Ayu, by this time, had scampered down and into the next room. Seiji strolled into the office and exchanged a serious glance with Karuo; little Jiraiya, whom Sakura had begrudgingly allowed Naruto to name, was still attached to his brother's leg. Ignoring the gnawing sounds and obvious discomfort Karuo was in, Ayu clutched her hands and strolled up prettily to the freckled Uzumaki boy. "Hello, Karuo-kun." she titillated, batting her thick eyelashes.

"Stop it. You're too young to have a boyfriend," her older brother scolded. Gai laughed, and began sorting through a random stack of important-looking documents. He noticed that Sakura's forehead creased when she browsed one piece of paper, which she very quickly hid beneath one of the numerous stacks that surrounded her.

* * *

"How could you not tell me?""Geez, _I _hadn't even seen it yet," Naruto swore quietly. "Do you think I wouldn't share this with you if I knew it?"

"I don't know," she snapped back. "Seems like we hardly talk about Sasuke nowadays, and I can't imagine why, if he's been spotted on the move again!"

"No, you wouldn't."

"… And what is that supposed to mean!? He's an enemy of Konoha, and I have a right to know-"

"I also have a right to not be still competing with him for your attention," the whiskered young man spat as he flipped over to face her in the dark. "All this time and you'll still fixate on him like we're Genin again…"

"You dickhead." Sakura deadpanned. "Are you honestly saying you think I still have _feelings_ for him-"

"See, this is why I don't say anything." he said, rolling back over. "Because you can't let him go, even now. You still want to save him-"

"He was my teammate!"

"-And I'm your husband!" he fairly shouted. "Maybe I don't want the possibility of Sasuke tearing apart what we have now. Is that such a crime?"

"If you wake up the kids, I'll kill you… Oh my god, this is so inane. You're jealous because I want to protect my country and be informed?"

"You're damn right! I'm jealous because I love you even when you're a bitch, even when you're sick or crabby, and Sasuke has never done anything to deserve your concern! I'm the Hokage! I will take care of him!"

"I can't believe we're talking about this." she said succinctly; the mattress squeaked as she rolled to it's outmost edge. "You're the one who spent years training to bring him back, fought and wouldn't shut up about it..."

"Yes, it is." Naruto agreed, his shoulders tensing. "But I did what I had to for my village, and that was give up hope in him. You can't imagine how hard that was."

Sakura was dead silent for a moment; cicadas crowed their death songs outside the window. "But I can't give up, Naruto. It's not a part of me. You can't imagine what it's like to care for someone who's so far away…"

Actually, Naruto reflected, he could: she was lying right beside him, albeit behind a wall he was frantically trying to dismember.

* * *

The bells throughout the Inuzuka compound rang, jarring Hinata from her sound sleep.
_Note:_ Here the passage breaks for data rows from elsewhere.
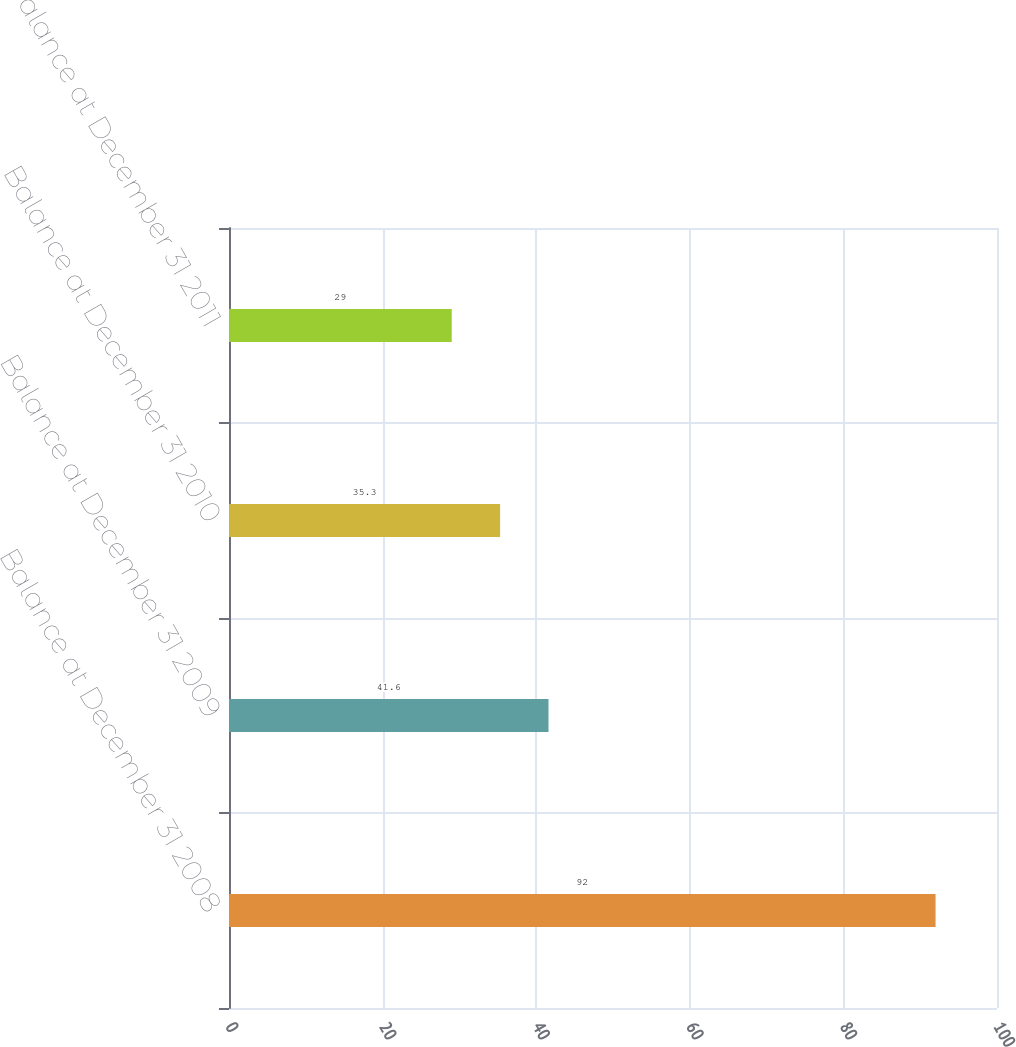Convert chart. <chart><loc_0><loc_0><loc_500><loc_500><bar_chart><fcel>Balance at December 31 2008<fcel>Balance at December 31 2009<fcel>Balance at December 31 2010<fcel>Balance at December 31 2011<nl><fcel>92<fcel>41.6<fcel>35.3<fcel>29<nl></chart> 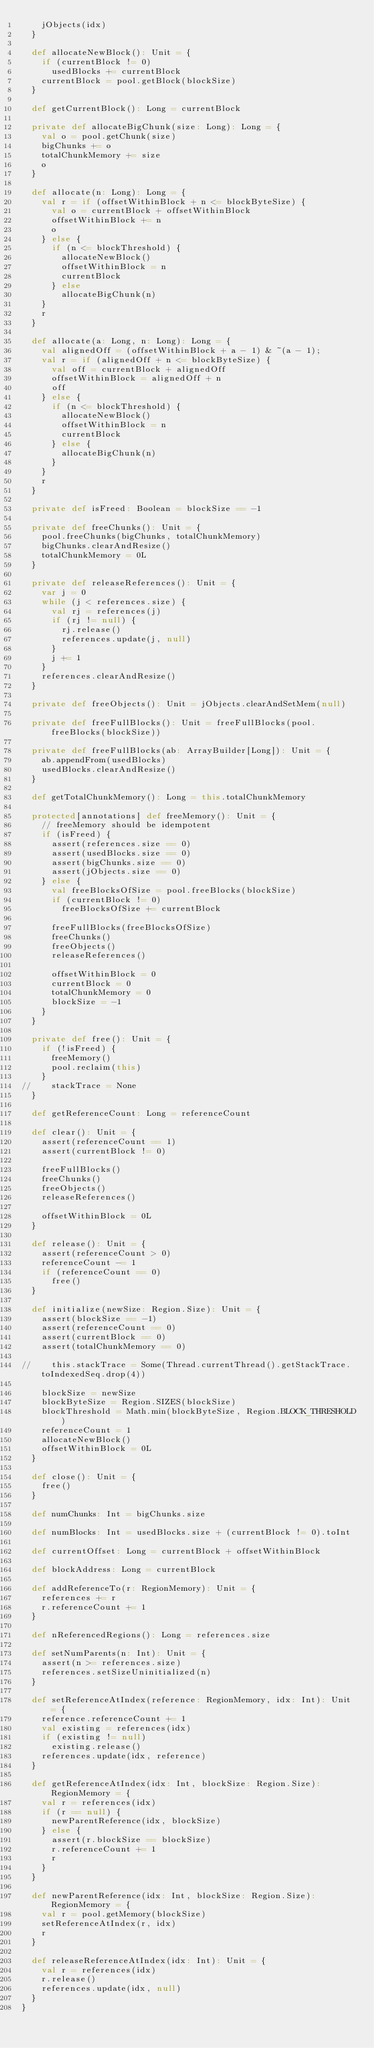<code> <loc_0><loc_0><loc_500><loc_500><_Scala_>    jObjects(idx)
  }

  def allocateNewBlock(): Unit = {
    if (currentBlock != 0)
      usedBlocks += currentBlock
    currentBlock = pool.getBlock(blockSize)
  }

  def getCurrentBlock(): Long = currentBlock

  private def allocateBigChunk(size: Long): Long = {
    val o = pool.getChunk(size)
    bigChunks += o
    totalChunkMemory += size
    o
  }

  def allocate(n: Long): Long = {
    val r = if (offsetWithinBlock + n <= blockByteSize) {
      val o = currentBlock + offsetWithinBlock
      offsetWithinBlock += n
      o
    } else {
      if (n <= blockThreshold) {
        allocateNewBlock()
        offsetWithinBlock = n
        currentBlock
      } else
        allocateBigChunk(n)
    }
    r
  }

  def allocate(a: Long, n: Long): Long = {
    val alignedOff = (offsetWithinBlock + a - 1) & ~(a - 1);
    val r = if (alignedOff + n <= blockByteSize) {
      val off = currentBlock + alignedOff
      offsetWithinBlock = alignedOff + n
      off
    } else {
      if (n <= blockThreshold) {
        allocateNewBlock()
        offsetWithinBlock = n
        currentBlock
      } else {
        allocateBigChunk(n)
      }
    }
    r
  }

  private def isFreed: Boolean = blockSize == -1

  private def freeChunks(): Unit = {
    pool.freeChunks(bigChunks, totalChunkMemory)
    bigChunks.clearAndResize()
    totalChunkMemory = 0L
  }

  private def releaseReferences(): Unit = {
    var j = 0
    while (j < references.size) {
      val rj = references(j)
      if (rj != null) {
        rj.release()
        references.update(j, null)
      }
      j += 1
    }
    references.clearAndResize()
  }

  private def freeObjects(): Unit = jObjects.clearAndSetMem(null)

  private def freeFullBlocks(): Unit = freeFullBlocks(pool.freeBlocks(blockSize))

  private def freeFullBlocks(ab: ArrayBuilder[Long]): Unit = {
    ab.appendFrom(usedBlocks)
    usedBlocks.clearAndResize()
  }

  def getTotalChunkMemory(): Long = this.totalChunkMemory

  protected[annotations] def freeMemory(): Unit = {
    // freeMemory should be idempotent
    if (isFreed) {
      assert(references.size == 0)
      assert(usedBlocks.size == 0)
      assert(bigChunks.size == 0)
      assert(jObjects.size == 0)
    } else {
      val freeBlocksOfSize = pool.freeBlocks(blockSize)
      if (currentBlock != 0)
        freeBlocksOfSize += currentBlock

      freeFullBlocks(freeBlocksOfSize)
      freeChunks()
      freeObjects()
      releaseReferences()

      offsetWithinBlock = 0
      currentBlock = 0
      totalChunkMemory = 0
      blockSize = -1
    }
  }

  private def free(): Unit = {
    if (!isFreed) {
      freeMemory()
      pool.reclaim(this)
    }
//    stackTrace = None
  }

  def getReferenceCount: Long = referenceCount

  def clear(): Unit = {
    assert(referenceCount == 1)
    assert(currentBlock != 0)

    freeFullBlocks()
    freeChunks()
    freeObjects()
    releaseReferences()

    offsetWithinBlock = 0L
  }

  def release(): Unit = {
    assert(referenceCount > 0)
    referenceCount -= 1
    if (referenceCount == 0)
      free()
  }

  def initialize(newSize: Region.Size): Unit = {
    assert(blockSize == -1)
    assert(referenceCount == 0)
    assert(currentBlock == 0)
    assert(totalChunkMemory == 0)

//    this.stackTrace = Some(Thread.currentThread().getStackTrace.toIndexedSeq.drop(4))

    blockSize = newSize
    blockByteSize = Region.SIZES(blockSize)
    blockThreshold = Math.min(blockByteSize, Region.BLOCK_THRESHOLD)
    referenceCount = 1
    allocateNewBlock()
    offsetWithinBlock = 0L
  }

  def close(): Unit = {
    free()
  }

  def numChunks: Int = bigChunks.size

  def numBlocks: Int = usedBlocks.size + (currentBlock != 0).toInt

  def currentOffset: Long = currentBlock + offsetWithinBlock

  def blockAddress: Long = currentBlock

  def addReferenceTo(r: RegionMemory): Unit = {
    references += r
    r.referenceCount += 1
  }

  def nReferencedRegions(): Long = references.size

  def setNumParents(n: Int): Unit = {
    assert(n >= references.size)
    references.setSizeUninitialized(n)
  }

  def setReferenceAtIndex(reference: RegionMemory, idx: Int): Unit = {
    reference.referenceCount += 1
    val existing = references(idx)
    if (existing != null)
      existing.release()
    references.update(idx, reference)
  }

  def getReferenceAtIndex(idx: Int, blockSize: Region.Size): RegionMemory = {
    val r = references(idx)
    if (r == null) {
      newParentReference(idx, blockSize)
    } else {
      assert(r.blockSize == blockSize)
      r.referenceCount += 1
      r
    }
  }

  def newParentReference(idx: Int, blockSize: Region.Size): RegionMemory = {
    val r = pool.getMemory(blockSize)
    setReferenceAtIndex(r, idx)
    r
  }

  def releaseReferenceAtIndex(idx: Int): Unit = {
    val r = references(idx)
    r.release()
    references.update(idx, null)
  }
}
</code>

"PIDDLE TIME," Kiba's deep voice rang out. Instantly every surface in the house roiled alive with dogs bounding up from their various sleeping-spots. Akamaru, who preferred to lie under the bed, rose up and fairly sent Hinata rolling onto the floor. This disturbance fully roused both the lavender-eyed woman and the small son curled at her side, and the pair startled up like birds with severe bedhead. From the doorway, Kiba just laughed at them, and went to check on the newest litter of puppies Hana's dog had bourn. One of them was determined for his son, when the time came about.

Standing on a solitary plane, Uchiha Sasuke idly watched the backsplash of tide rushing against time-told rocks of the shore, marveling at the heavy, hurricane-eye of stillness within his soul. The time was coming.

"You ready?" Madara asked in his poison-laced voice.

"Mm-hmm." the raven-haired child of Darkness mumbled. He was ready to destroy Konoha, and all it stood for.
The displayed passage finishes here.